202133.csv (= Data file received in WorkWeek 33 of 2021)
Job,WW31,WW32,WW33
JobA,4,4,4
JobB,2,6,3
JobC,2,4,7
202134.csv
Job,WW32,WW33,WW34
JobA,4,6,3
JobB,8,3,4
JobC,4,7,5
202135.csv
Job,WW33,WW34,WW35
JobA,9,3,2
JobB,3,4,1
JobC,7,8,5
I believe you understand the pattern. Data for same jobs for the past 3 weeks, and each week the oldest WW data is removed and the new one added. The caveat is that numbers for the same job for the same WW can be different (this is due to data being revised by another party). For example, in WW33 file, JobA WW33 value is 4. The same value is 6 in WW 34, and 9 in WW35.
I have these files in a folder, and I do a Read from Folder data get and unpivot column to get WW data into columns. My read data function and the data table M-Query looks like this:
fnReadData
= (Parameter1 as binary) => let
Source = Csv.Document(Parameter1,[Delimiter=",", Encoding=1252, QuoteStyle=QuoteStyle.None]),
#"Promoted Headers" = Table.PromoteHeaders(Source, [PromoteAllScalars=true])
in
#"Promoted Headers"
Data
let
Source = Folder.Files("Data Path"),
#"Filtered Hidden Files1" = Table.SelectRows(Source, each [Attributes]?[Hidden]? <> true),
#"Invoke Custom Function1" = Table.AddColumn(#"Filtered Hidden Files1", "Transform File", each #"fnReadData"([Content])),
#"Removed Other Columns1" = Table.SelectColumns(#"Invoke Custom Function1", {"Name", "Transform File"}),
#"Renamed Columns" = Table.RenameColumns(#"Removed Other Columns1",{{"Name", "FileDate"}}),
#"Replaced Value" = Table.ReplaceValue(#"Renamed Columns",".txt","",Replacer.ReplaceText,{"FileDate"}),
AllColumnsNames =
Table.ColumnNames(
Table.Combine(#"Replaced Value"[Transform File])
),
#"Expanded Transform File" = Table.ExpandTableColumn(#"Replaced Value", "Transform File", AllColumnsNames, AllColumnsNames),
#"Unpivoted Other Columns" = Table.UnpivotOtherColumns(#"Expanded Transform File", {"FileDate", "Job"}, "WorkWeek", "Amount"),
#"Changed Type" = Table.TransformColumnTypes(#"Unpivoted Other Columns",{{"Amount", Int64.Type}, {"FileDate", Int64.Type}})
in
#"Changed Type"
The resulting table looks like this.
As you can see, if we focus on JobA data for WW33, there are 3 entries. My next requirement is to filter/group this data set so I only have one row of data per job per WW. In case there are multiple entries as highlighted above, I want the chosen row to be the data from the latest file, or in other words, the latest (largest) number in the FileDate column.

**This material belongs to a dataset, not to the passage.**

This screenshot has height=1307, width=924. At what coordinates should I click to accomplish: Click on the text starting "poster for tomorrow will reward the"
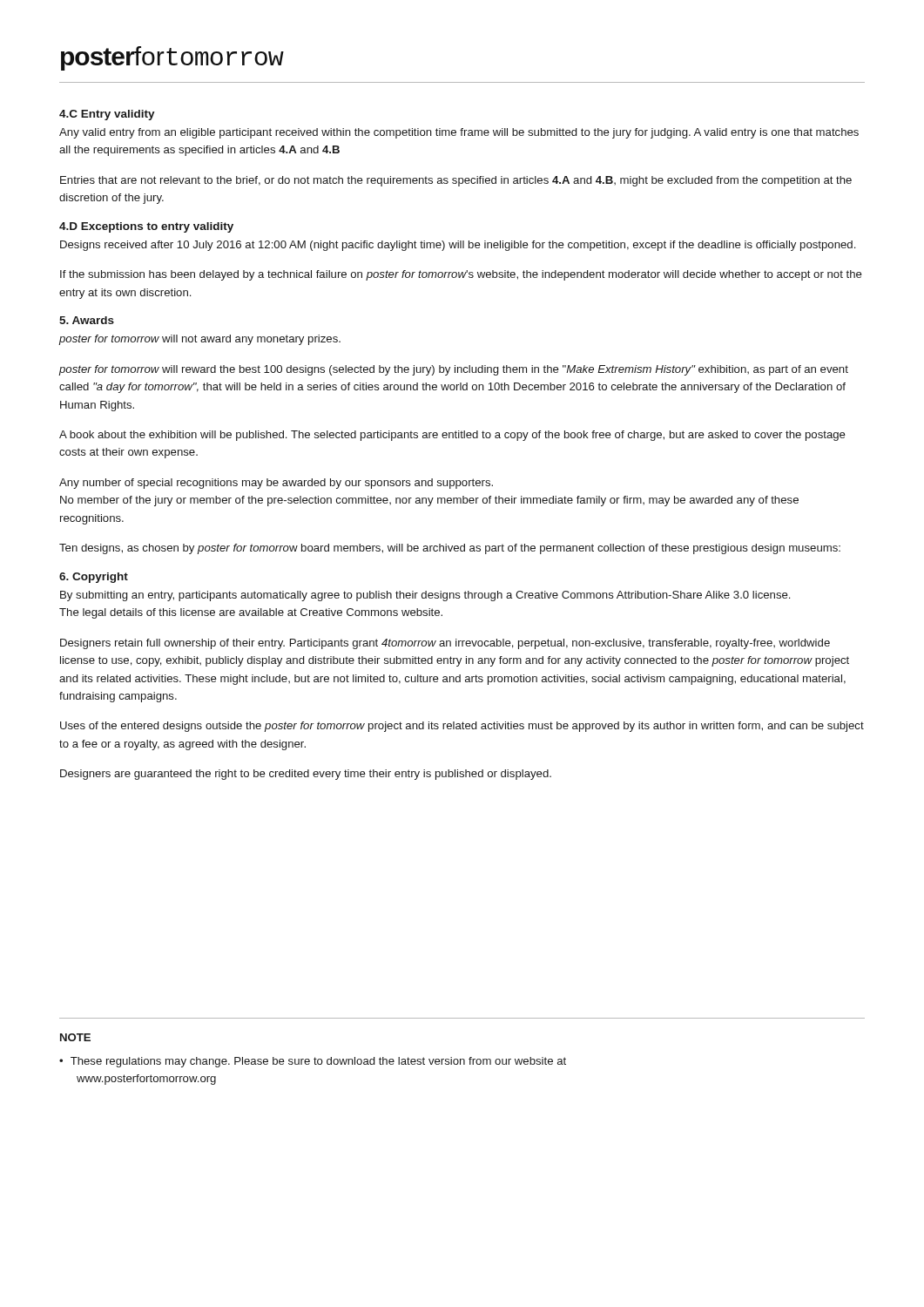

How should I go about this? It seems to me that I need to do a grouped filtering, but I can't figure out how.
Solved! Go to Solution.
If you Group By on workweek and Job with 2 aggregations: Max of Filedate , All Rows.
You can then expand the 'all' column.
Then Filter the table to keep the rows where the filedate = MaxFiledate (that bit sounds complicated but you can filter from the column header of MaxFileDate -> just choose one date from the dropdown -> then replace the hardcoded date in the formula bar with the name of the filedate column)
--
let me know how it goes.
The line for
#"Expanded All Rows" = Table.Expand....
is only returning the Amount from the original data. It needs to return FileDate as well.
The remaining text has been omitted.